# Ohms Law



## Grog12 (Jul 24, 2007)

When and how do you apply Ohms Law?


----------



## Logos (Jul 24, 2007)

High School Physics aaargh


----------



## Van (Jul 24, 2007)

When: at a picnic, when eating hot dogs.

How: usually with a big serving fork or spoon. 


Oops sorry that was for Coles Law, not Ohms law.


----------



## audioslavematt (Jul 24, 2007)

Just about anything involving electricity as to how, what do we want to know/do?


----------



## Charc (Jul 24, 2007)

Van said:


> When: at a picnic, when eating hot dogs.
> How: usually with a big serving fork or spoon.
> Oops sorry that was for Coles Law, not Ohms law.


----------



## Chris15 (Jul 25, 2007)

Is this here Cole's Law named after any particular Mr. Cole? And what did poor old Murphy do to get left out of this?

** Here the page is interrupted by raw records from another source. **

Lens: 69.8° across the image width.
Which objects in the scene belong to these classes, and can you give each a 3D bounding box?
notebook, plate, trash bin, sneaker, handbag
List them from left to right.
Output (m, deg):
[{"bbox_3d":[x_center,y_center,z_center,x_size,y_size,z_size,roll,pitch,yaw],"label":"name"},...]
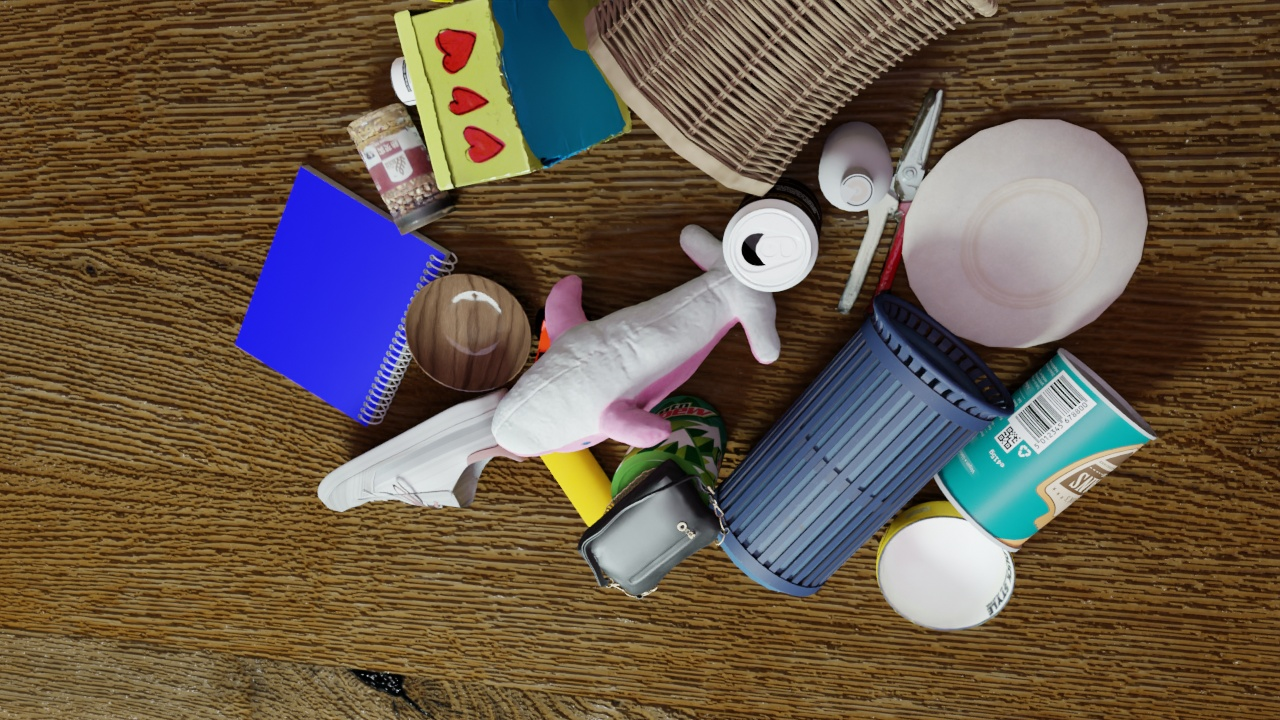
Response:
[{"bbox_3d":[-0.293,-0.057,0.904,0.171,0.022,0.209,32,113,2],"label":"notebook"},{"bbox_3d":[-0.212,0.114,0.907,0.237,0.099,0.089,-28,87,19],"label":"sneaker"},{"bbox_3d":[0.009,0.140,0.731,0.079,0.054,0.129,44,110,-9],"label":"handbag"},{"bbox_3d":[0.175,0.081,0.785,0.139,0.139,0.250,37,115,-2],"label":"trash bin"},{"bbox_3d":[0.311,-0.096,0.739,0.189,0.027,0.189,3,110,7],"label":"plate"}]

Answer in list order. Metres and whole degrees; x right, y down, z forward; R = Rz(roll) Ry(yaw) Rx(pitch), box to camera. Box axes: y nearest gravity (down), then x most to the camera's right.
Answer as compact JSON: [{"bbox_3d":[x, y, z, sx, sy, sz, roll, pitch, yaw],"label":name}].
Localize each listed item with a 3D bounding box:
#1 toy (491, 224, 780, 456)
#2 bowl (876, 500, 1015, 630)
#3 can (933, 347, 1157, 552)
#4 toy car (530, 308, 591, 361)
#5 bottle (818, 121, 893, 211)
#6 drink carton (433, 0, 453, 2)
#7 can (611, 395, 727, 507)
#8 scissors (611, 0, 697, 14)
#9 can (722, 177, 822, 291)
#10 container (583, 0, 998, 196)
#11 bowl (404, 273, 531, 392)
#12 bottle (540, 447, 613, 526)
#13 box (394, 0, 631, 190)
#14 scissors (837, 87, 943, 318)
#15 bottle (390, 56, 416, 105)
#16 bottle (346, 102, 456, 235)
[{"bbox_3d":[-0.005,0.005,0.802,0.265,0.128,0.186,-33,62,3],"label":"toy"},{"bbox_3d":[0.274,0.177,0.833,0.117,0.067,0.117,4,110,12],"label":"bowl"},{"bbox_3d":[0.332,0.075,0.765,0.099,0.099,0.144,39,113,-3],"label":"can"},{"bbox_3d":[-0.075,0.002,0.859,0.051,0.048,0.100,7,111,10],"label":"toy car"},{"bbox_3d":[0.158,-0.140,0.675,0.052,0.194,0.052,4,110,11],"label":"bottle"},{"bbox_3d":[-0.221,-0.349,0.769,0.134,0.042,0.059,20,114,6],"label":"drink carton"},{"bbox_3d":[0.030,0.090,0.816,0.083,0.143,0.083,4,110,11],"label":"can"},{"bbox_3d":[0.012,-0.330,0.738,0.118,0.015,0.139,20,119,5],"label":"scissors"},{"bbox_3d":[0.108,-0.103,0.736,0.072,0.128,0.072,4,110,11],"label":"can"},{"bbox_3d":[0.094,-0.253,0.644,0.227,0.226,0.197,44,120,-5],"label":"container"},{"bbox_3d":[-0.160,-0.030,0.871,0.119,0.032,0.119,1,114,3],"label":"bowl"},{"bbox_3d":[-0.056,0.118,0.900,0.043,0.043,0.143,-29,101,20],"label":"bottle"},{"bbox_3d":[-0.086,-0.209,0.690,0.079,0.220,0.124,-5,111,23],"label":"box"},{"bbox_3d":[0.219,-0.123,0.766,0.189,0.015,0.140,-41,95,22],"label":"scissors"},{"bbox_3d":[-0.155,-0.251,0.790,0.116,0.041,0.041,-7,108,15],"label":"bottle"},{"bbox_3d":[-0.214,-0.172,0.824,0.056,0.056,0.105,-20,104,19],"label":"bottle"}]

Ohm's Law... very very useful... usable with DC easily and AC without too much effort - substitute impedance for resistance and use RMS values for voltage & current. Ohm's law in it's base state of V=IR is useful, but add in P=VI and get the combinations of P=V2/R and P=I2R and it becomes much more useful for things like calculating load on speakers and in lighting systems, things which are somewhat useful in this industry...


----------